Rev Chir Orthop Reparatrice Appar Mot. 1995;81(2):163-72.

PMID:7569192
Abstract

PURPOSE OF THE STUDY

Rupture of the distal tendon of the biceps is an uncommon occurrence. 43 cases were analyzed in a multicentric study in order to define etiological factors and treatment of this lesion.

MATERIAL AND METHODS

43 cases were reviewed from Fort de France, Paris, Marseille, Lyon and Suresnes. There were only male patients with an average age of 50 years. The mechanism of injury, the clinical and radiographic features, the anatomical findings and the results of surgical treatment were analyzed. 4 patients were treated conservatively and 39 surgically. In 28 cases, anatomical reattachment of the tendon was performed. In 11 cases the tendon was simply attached to the brachialis anterior muscle.

RESULTS

The mechanism of injury in all patients was passive extension against active flexion 17 patients had sustained injury while engaged in sports activities and 17 during domestic activities. Most of the patients were diagnosed clinically. Ultrasound and CT scan was useful in cases seen a long time after injury. In 34 cases avulsion of the bicipital tuberosity was found. Subjective results were good in 28 cases and poor in 5 cases. Objective testing was performed one year after injury using the criteria described by Baker: flexion and suppination force (maximum force) and endurance (ability to perform repeated contractions). Following attachment to the brachialis anterior, there was an average loss of 33 per cent of flexion strength and 52 per cent of supination strength. Following anatomical reattachment, the loss was 5 per cent for flexion and 15 per cent for supination.

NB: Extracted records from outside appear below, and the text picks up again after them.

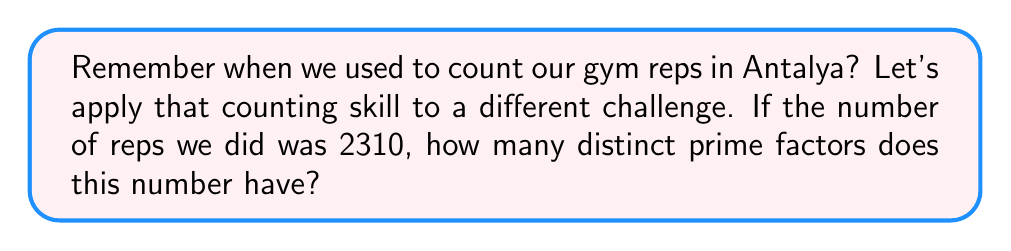Provide a solution to this math problem. Let's approach this step-by-step:

1) First, we need to find the prime factorization of 2310.

2) We can start dividing 2310 by the smallest prime number possible at each step:

   $2310 = 2 \times 1155$
   $1155 = 3 \times 385$
   $385 = 5 \times 77$
   $77 = 7 \times 11$

3) Therefore, the prime factorization of 2310 is:

   $2310 = 2 \times 3 \times 5 \times 7 \times 11$

4) Now, we simply need to count the number of distinct prime factors.

5) In this case, we have 5 distinct prime factors: 2, 3, 5, 7, and 11.

6) Each of these prime factors appears only once in the factorization, but even if they appeared multiple times, we would still only count them once as we're looking for distinct prime factors.
Answer: 5 
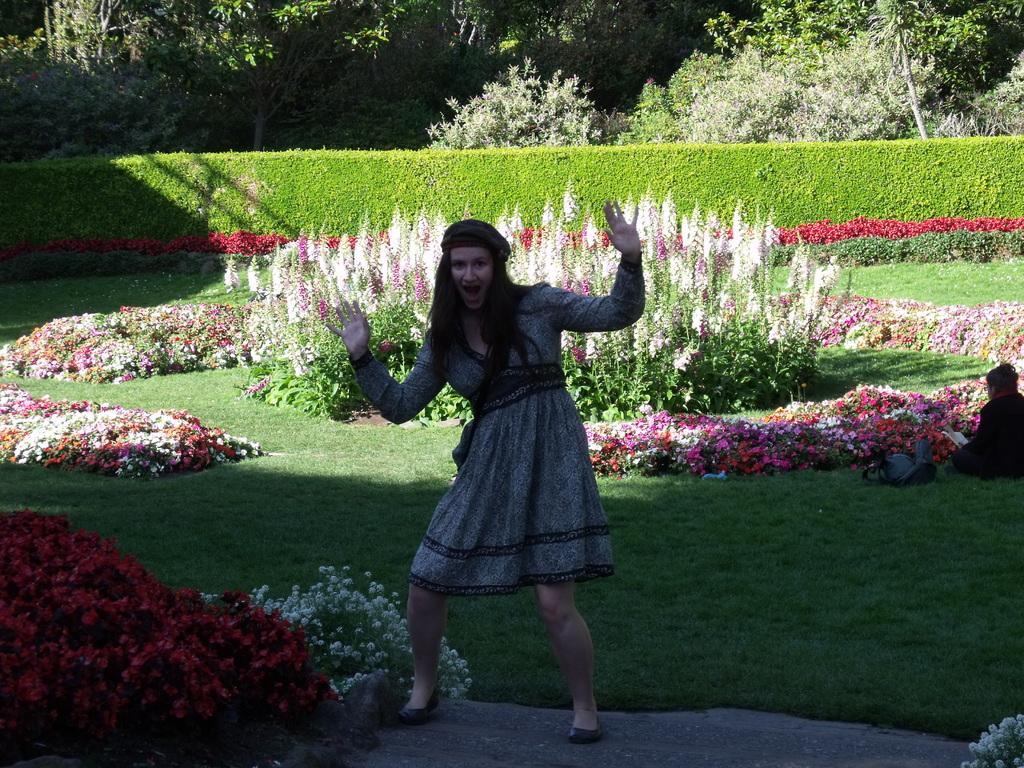In one or two sentences, can you explain what this image depicts? In this image there is a woman standing on a floor, in the background there is a garden in that there are flower plants and trees, there is a woman sitting in the garden.

There were two cases of radial nerve palsies and 1 case of radio-ulnar synostosis.

DISCUSSION

Attachment of the biceps brachialis tendon to the brachialis anterior muscle is unable to restore supination force. Complications only occur following anatomical reattachment. Radial nerve palsies can be avoided by using two separate incisions as described by Boyd.

CONCLUSION

Surgical reinsertion onto the radial tuberosity restore more strength. Attachment to the brachialis muscle can be sued in cases seen a long time after injury.

摘要

研究目的

肱二头肌远端肌腱断裂并不常见。在一项多中心研究中分析了43例病例,以确定该损伤的病因及治疗方法。

材料与方法

回顾了来自法兰西堡、巴黎、马赛、里昂和叙雷讷的43例病例。仅男性患者,平均年龄50岁。分析了损伤机制、临床和影像学特征、解剖学发现及手术治疗结果。4例采用保守治疗,39例采用手术治疗。28例进行了肌腱的解剖复位。11例中肌腱仅附着于肱肌前部。

结果

所有患者的损伤机制均为被动伸展对抗主动屈曲,17例在体育活动中受伤,17例在家庭活动中受伤。大多数患者通过临床诊断。损伤后较长时间就诊的病例中,超声和CT扫描有用。34例发现肱二头肌结节撕脱。主观结果28例良好,5例较差。损伤后一年采用贝克描述的标准进行客观测试:屈曲和旋后力(最大力)及耐力(重复收缩能力)。附着于肱肌前部后,屈曲力量平均丧失33%,旋后力量丧失52%。解剖复位后,屈曲丧失5%,旋后丧失15%。有2例桡神经麻痹和1例桡尺骨融合。

讨论

肱二头肌肌腱附着于肱肌前部无法恢复旋后力。并发症仅在解剖复位后发生。按照博伊德所述使用两个单独切口可避免桡神经麻痹。

结论

手术重新附着于桡骨结节可恢复更多力量。损伤后较长时间就诊的病例可采用附着于肱肌的方法。